De certa forma, mas acho que isso não vai estar no texto. O que teremos serão discussões paralelas. Um exemplo é a discussão dos benefícios tributários dos estados. Os estados, por vezes, concedem um benefício de ICMS que acaba afetando a arrecadação federal, uma vez que é um crédito tributário. É algo que precisa acabar. Outro ponto são setores que não pagam imposto, como é o caso das apostas de jogos. É uma discussão já madura, que ainda falta ser regulamentada.

A discussão de uma possível taxação de dividendos entra nesse cenário ou é algo que deve ser contemplado depois?

É algo para um segundo momento. Até porque, estrategicamente, entrar com uma discussão de dividendos agora vai atrapalhar a discussão da reforma tributária que é a do imposto de valor adicionado. É uma discussão madura, mas não avalio que o Congresso vá passar facilmente uma proposta de aumento de imposto.

E a reforma tributária, por si só, já será um grande desafio.

Um desafio muito grande. São colocados para discutir juntos todos os prefeitos, governadores, deputados, senadores. A questão fiscal traz previsibilidade e reduz custo do dinheiro para as empresas, mas a reforma que olha para a produtividade e para o retorno das empresas é a tributária. Sem dúvida é a reforma mais relevante hoje, mas talvez seja a mais difícil de todas.

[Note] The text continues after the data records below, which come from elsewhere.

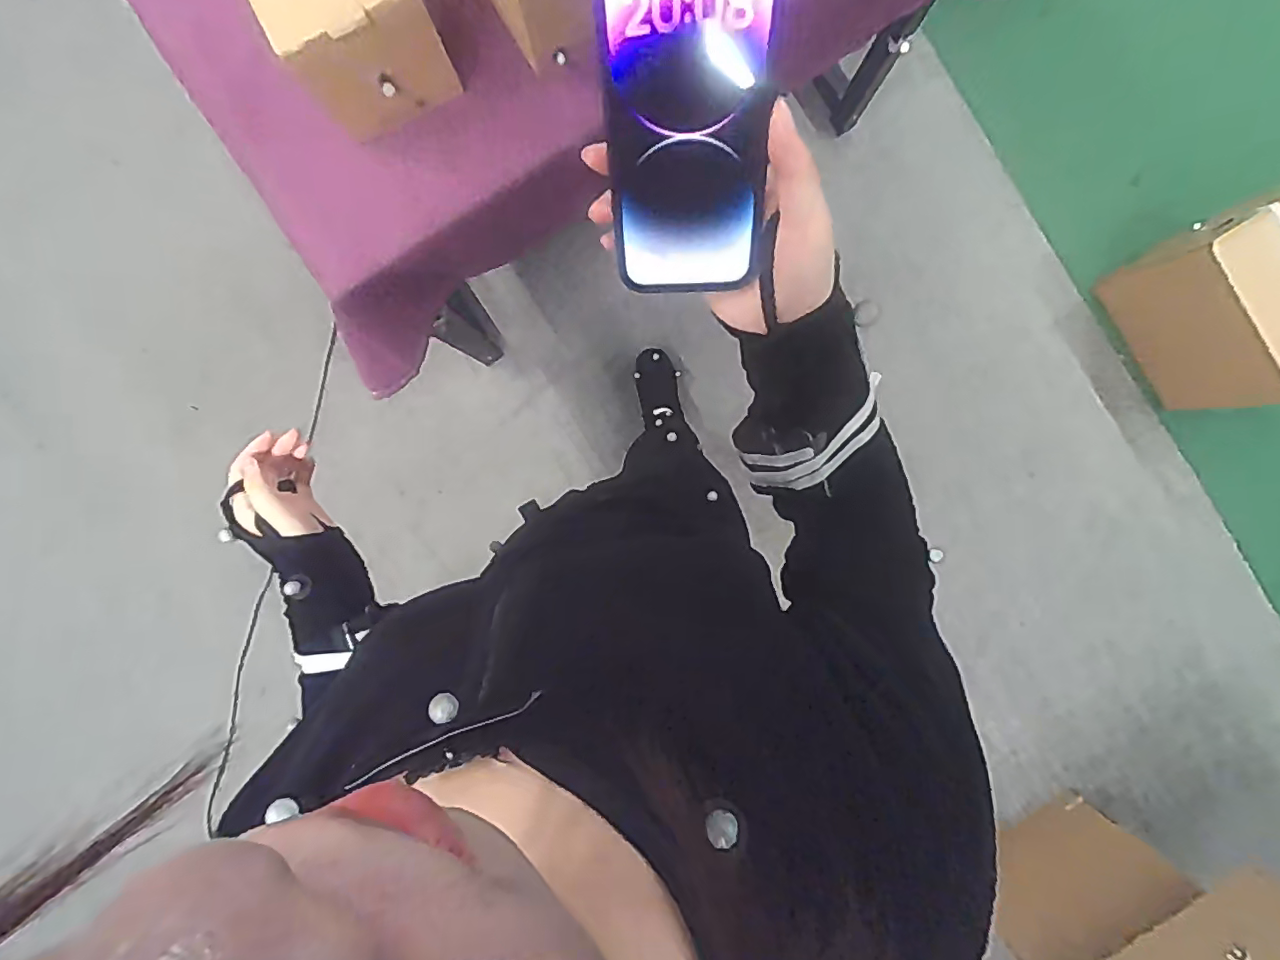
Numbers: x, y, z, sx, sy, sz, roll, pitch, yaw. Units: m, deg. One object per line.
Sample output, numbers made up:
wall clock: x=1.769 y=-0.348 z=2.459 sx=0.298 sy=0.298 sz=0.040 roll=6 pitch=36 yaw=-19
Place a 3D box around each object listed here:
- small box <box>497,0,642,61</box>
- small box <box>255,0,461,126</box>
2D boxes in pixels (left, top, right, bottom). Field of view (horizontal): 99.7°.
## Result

Com o que já temos de concreto e de perspectivas, é possível dizer que o arcabouço apresentado é um caminho para a queda de juros? Como isso pode se refletir na Selic?

Um primeiro ponto é que tratar da Selic é tratar de uma discussão parcial – é preciso olhar toda a curva de juros. O que influencia o investimento das empresas é a parte mais longa da curva de juros, e essa parte é determinada pelo fiscal, pela capacidade do governo em pagar suas contas. Então, a redução da incerteza fiscal bate na ponta longa, melhora as expectativas de controle fiscal no futuro, impacta a inflação e permite ao Banco Central reduzir os juros no presente. Por enquanto, a curva de juros mostrou alguma reação, só que agora é preciso avançar na discussão. O desafio está no detalhe. A inflação está bem endereçada, a incerteza atual está na inflação futura que acaba sendo influenciada pela expectativa do fiscal. É um caminho, mas a solução fiscal precisa ser suficientemente boa para mostrar previsibilidade.

Existe a possibilidade de um corte na Selic já na próxima reunião, em maio?

Acredito que não. É importante lembrar que existe uma discussão paralela da redução ou não das metas de inflação. É difícil, inclusive, que o Banco Central reduza os juros ainda com dúvida em relação a qual vai ser a meta. Com a resolução dessas incertezas e o arcabouço tramitando no Congresso, existe espaço no segundo semestre para redução de juros, a partir de agosto e setembro. A nossa previsão de Selic para 2023 é de 12,5%. E para 2024, é de 10%.

E como essa possível queda pode se refletir na bolsa de valores?

A bolsa tem dois elementos muito relevantes: crescimento [das empresas] e juros. Então é natural que, observando uma queda de juros, os preços dos ativos se valorizem. Por isso imaginamos que, a partir do segundo semestre, com os juros já caindo, possa ocorrer uma valorização dos ativos de risco como a bolsa. Mas vai ser um período de pouca liquidez. Será muito difícil de voltarmos àquele período de fortes valorizações, com foco nas empresas de crescimento. Os juros não estão mais em 2% nem em 4%, é outro momento. Porém, acredito que existe sim um espaço para valorização.

Quais setores ou ações imaginam que possam sair mais beneficiados?

Existem algumas empresas de small caps que podem se beneficiar da queda nas taxas de juro. Mas considerando que é um período de baixo crescimento econômico, em geral os setores mais defensivos se saem melhor, como saneamento, utilidades, consumo e bens essenciais.